Peki bu olan biten, din kardeşlerinin tarihte görülmemiş bir biçimde birbirine düşmesi mi?
-Hayır, öyle düşünmüyorum. Çünkü AK Parti ile Cemaat tabanı arasındaki siyasi geçişkenlik, hâlâ devam ediyor. Tabanda çok fazla problemimiz yok.
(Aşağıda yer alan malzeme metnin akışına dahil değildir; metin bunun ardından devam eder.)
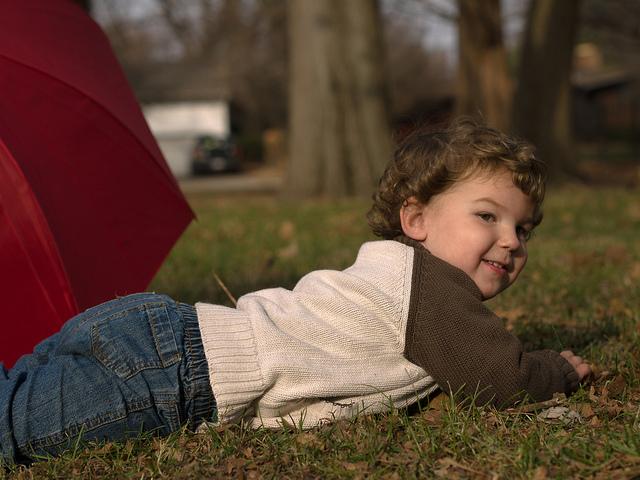Could the child  have on shoes?
Be succinct. Yes. Is there a tree in the background?
Keep it brief. Yes. What is the boy holding?
Write a very short answer. Grass. Is the baby cute?
Keep it brief. Yes. 
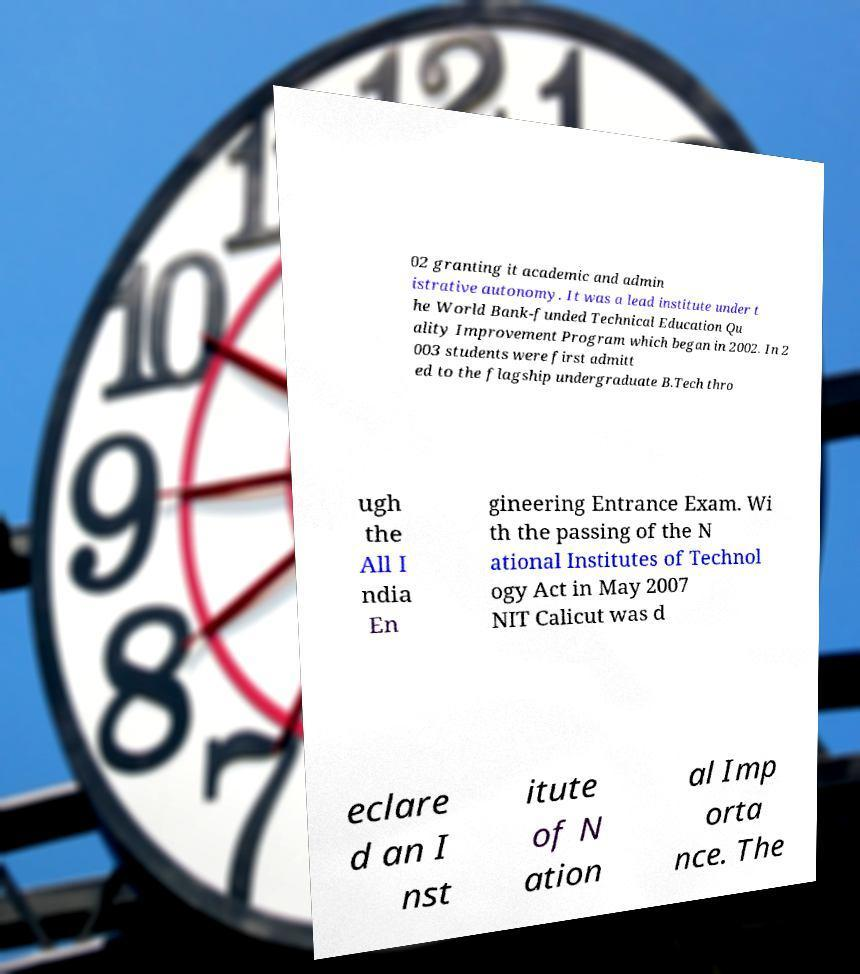I need the written content from this picture converted into text. Can you do that? 02 granting it academic and admin istrative autonomy. It was a lead institute under t he World Bank-funded Technical Education Qu ality Improvement Program which began in 2002. In 2 003 students were first admitt ed to the flagship undergraduate B.Tech thro ugh the All I ndia En gineering Entrance Exam. Wi th the passing of the N ational Institutes of Technol ogy Act in May 2007 NIT Calicut was d eclare d an I nst itute of N ation al Imp orta nce. The

Eğer bu kavganın sebeplerini topluma iyi anlatabilirsek, bunun bir din kardeşliği kavgası değil de, uluslararası bir oyun olduğunu herkes görürse bundan Türkiye kazançlı çıkar. Şu ana kadar iyi anlatılamadığını düşünüyorum.
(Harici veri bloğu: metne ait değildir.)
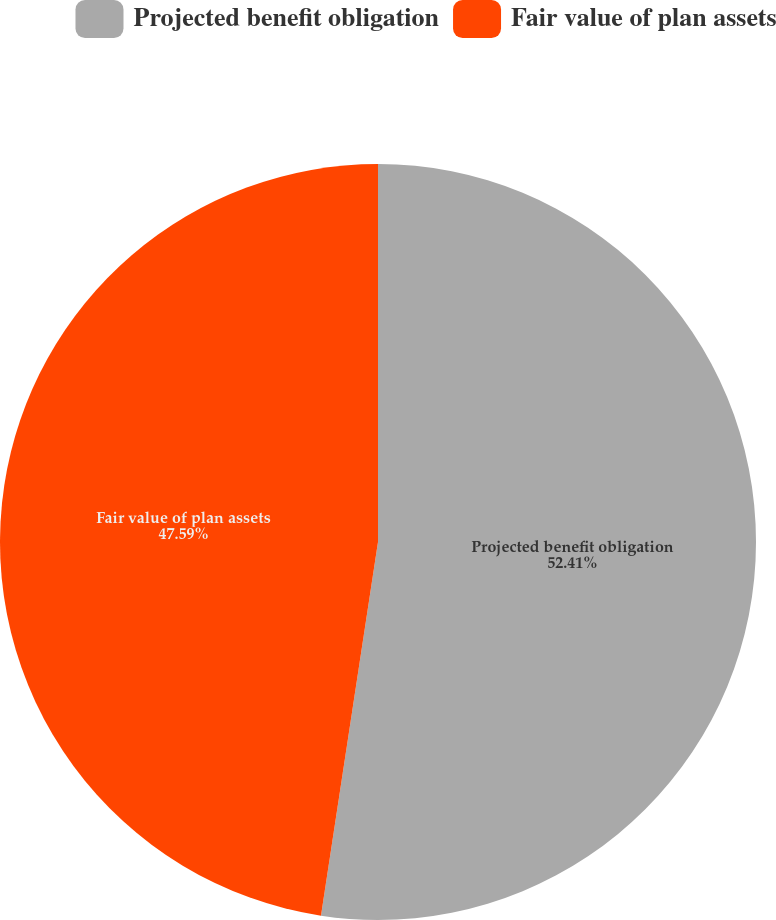Convert chart to OTSL. <chart><loc_0><loc_0><loc_500><loc_500><pie_chart><fcel>Projected benefit obligation<fcel>Fair value of plan assets<nl><fcel>52.41%<fcel>47.59%<nl></chart> 
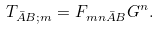<formula> <loc_0><loc_0><loc_500><loc_500>T _ { \bar { A } B ; m } = F _ { m n \bar { A } B } G ^ { n } .</formula> 
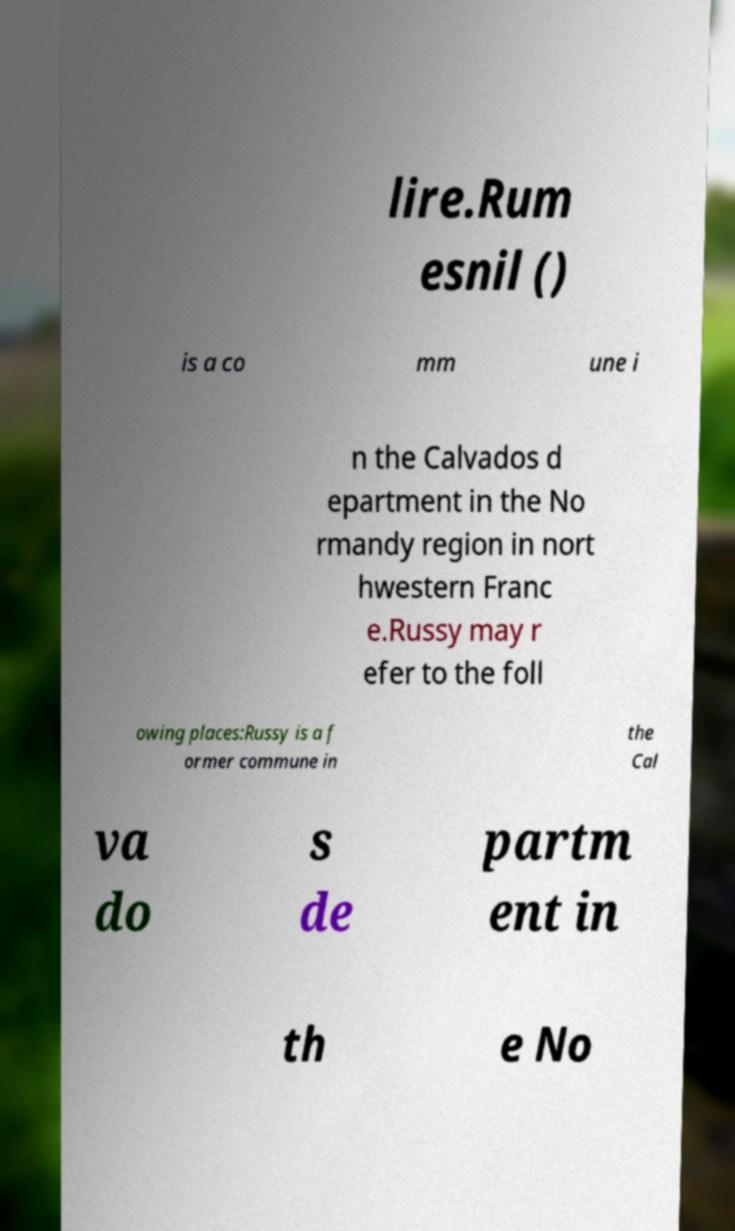Could you assist in decoding the text presented in this image and type it out clearly? lire.Rum esnil () is a co mm une i n the Calvados d epartment in the No rmandy region in nort hwestern Franc e.Russy may r efer to the foll owing places:Russy is a f ormer commune in the Cal va do s de partm ent in th e No 
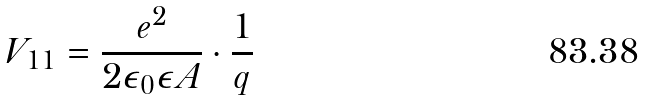Convert formula to latex. <formula><loc_0><loc_0><loc_500><loc_500>V _ { 1 1 } = \frac { e ^ { 2 } } { 2 \epsilon _ { 0 } \epsilon A } \cdot \frac { 1 } { q }</formula> 
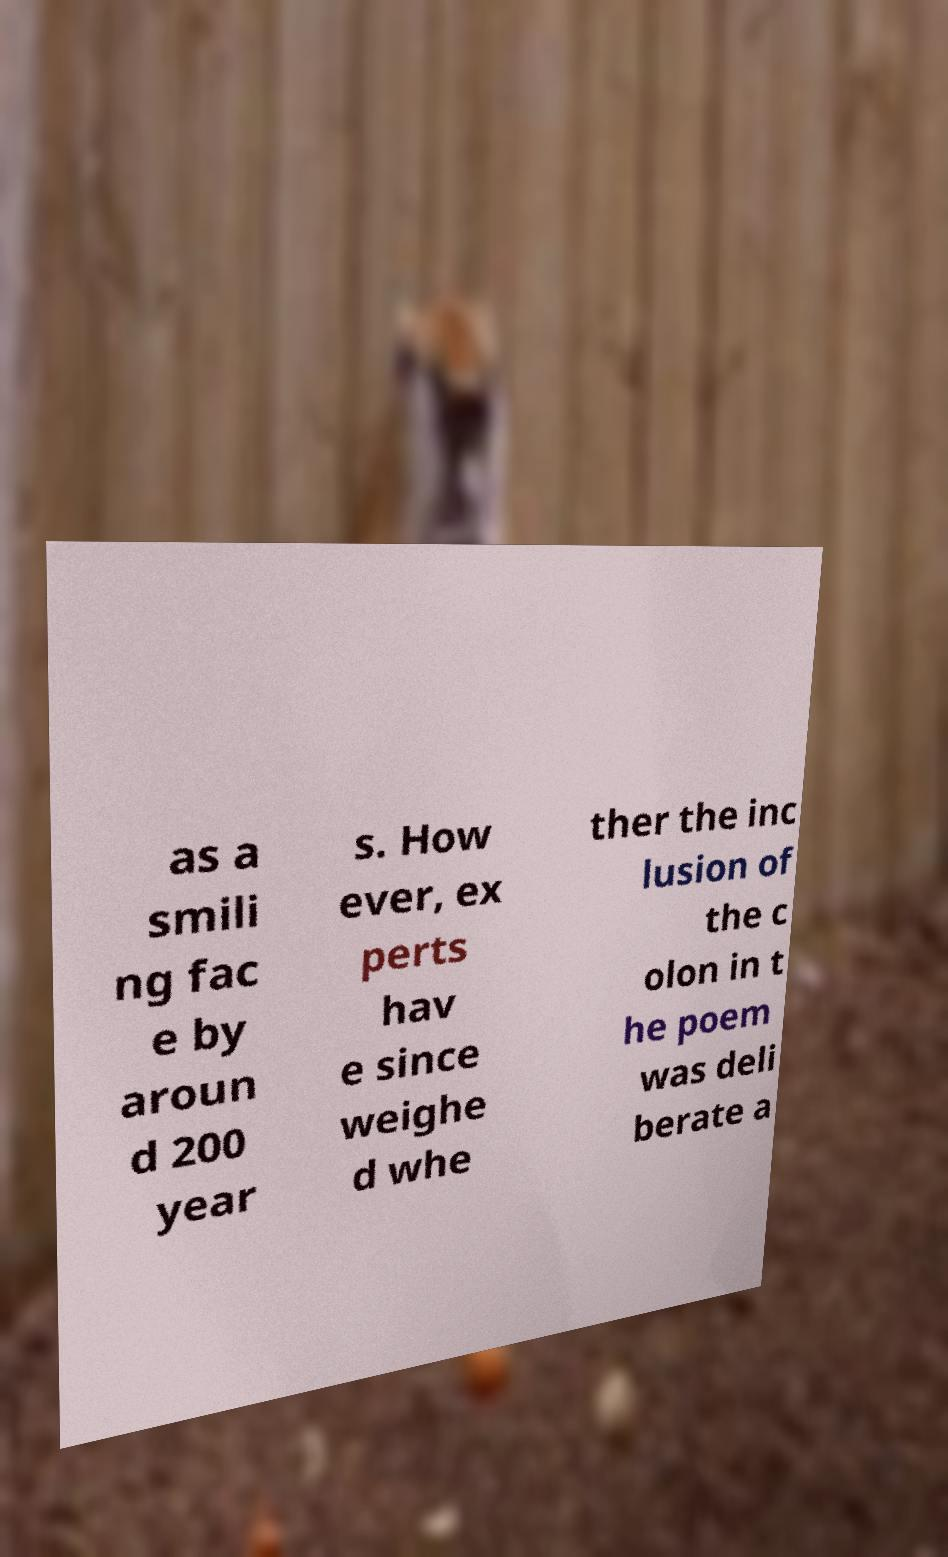Can you read and provide the text displayed in the image?This photo seems to have some interesting text. Can you extract and type it out for me? as a smili ng fac e by aroun d 200 year s. How ever, ex perts hav e since weighe d whe ther the inc lusion of the c olon in t he poem was deli berate a

YETER Kİ BAŞBAKAN DOĞRU BİLGİLENDİRİLSİN

Siz her konuda partiyle aynı mı düşünüyorsunuz? Farklı düştüğünüz noktalar yok mu hiç?
-Siyasete girdikten sonra da ilkesel davranmaya özen gösterdim. Gazetecilikte neyi savunuyorsam, siyasette de aynı şeyleri savunmayı sürdürdüm. Ama parti, bir konuda bir kanaat oluşturmuş ve karar vermişse, parti disiplini açısından ona uymak zorundasınız. Yine de bana düşen, yanlış bulduğum yerlerde partiyi uyarmak. Örnek olsun diye söyleyeyim, daha önce de Başbakan idam cezasını, kamuoyundan gelen tepkiler üzerine tartışmaya açmıştı. Ben, idam cezasının yeniden getirilmesinin doğru olmadığını, AK Parti olarak Anayasa’dan bunu bizim çıkardığımızı, evrensel hukuk değerlerin bakımından da idam cezasıyla Türkiye’yi yeniden tanıştırmanın çağdaş bir görüntü oluşturmayacağını ifade etmiştim. O zaman bana kızanlar oldu. Sonra birkaç BDP’li, PKK’lıları karşılamaya gidince, dokunulmazlıkların kaldırılması gündeme geldi. Ben bunun de doğru bir yaklaşım olmayacağını da ifade etmiştim. Kürtaj ile ilgili tartışmada da farklı bir tavır sergilemiştim. Sonuçta ne oldu? İdam cezasını geri getirmedik, dokunulmazlıkları kaldırmadık, kürtajla ilgili düzenlemeyi de kamuoyu hassasiyeti doğrultusunda yaptık. Yani parti ve ülke yararına olan çıkışlarda, Başbakan da doğru şeyler söylendiğinde, buna uyan ve ona göre hareket eden biri. Yeter ki, Başbakan doğru bilgilendirilsin. Ama zaman zaman, farklı kanallardan yanlış bildirimlerle, yanlış kanaatler oluşturulabiliyor...

SİYASETİN HASTALIĞI

Sizce Başbakan farklı fikirlere ve eleştirilere açık mı?
-Eğer doğru zamanda doğru üslupla ifade edilirse, buna açık olduğunu düşünüyorum. Ancak bu fikirleri ifade edebileceğiniz, Başbakan’a söyleyebileceğiniz mekanizmaların çoğaltılması lazım. Her zaman, her istediğinizde bunları söyleyemiyorsunuz. Grup toplantıları milletvekillerinin fikirlerini rahat ifade edebilecekleri bir yapı olmaktan çıktı. Sadece Genel Başkan konuşuyor ve gidiyor. Fakat bu yalnız bizim partiye özgü bir durum değil. Bütün siyasi partilerde böyle. Maalesef Süleyman Demirel zamanında gelişen bu kötü gelenek, bugün siyasetin hastalığı haline geldi. Ve devam ediyor.
Eğer bu siyasi mekanizmaları çoğaltırsak, zannediyorum ki daha doğru bir yolu buluruz.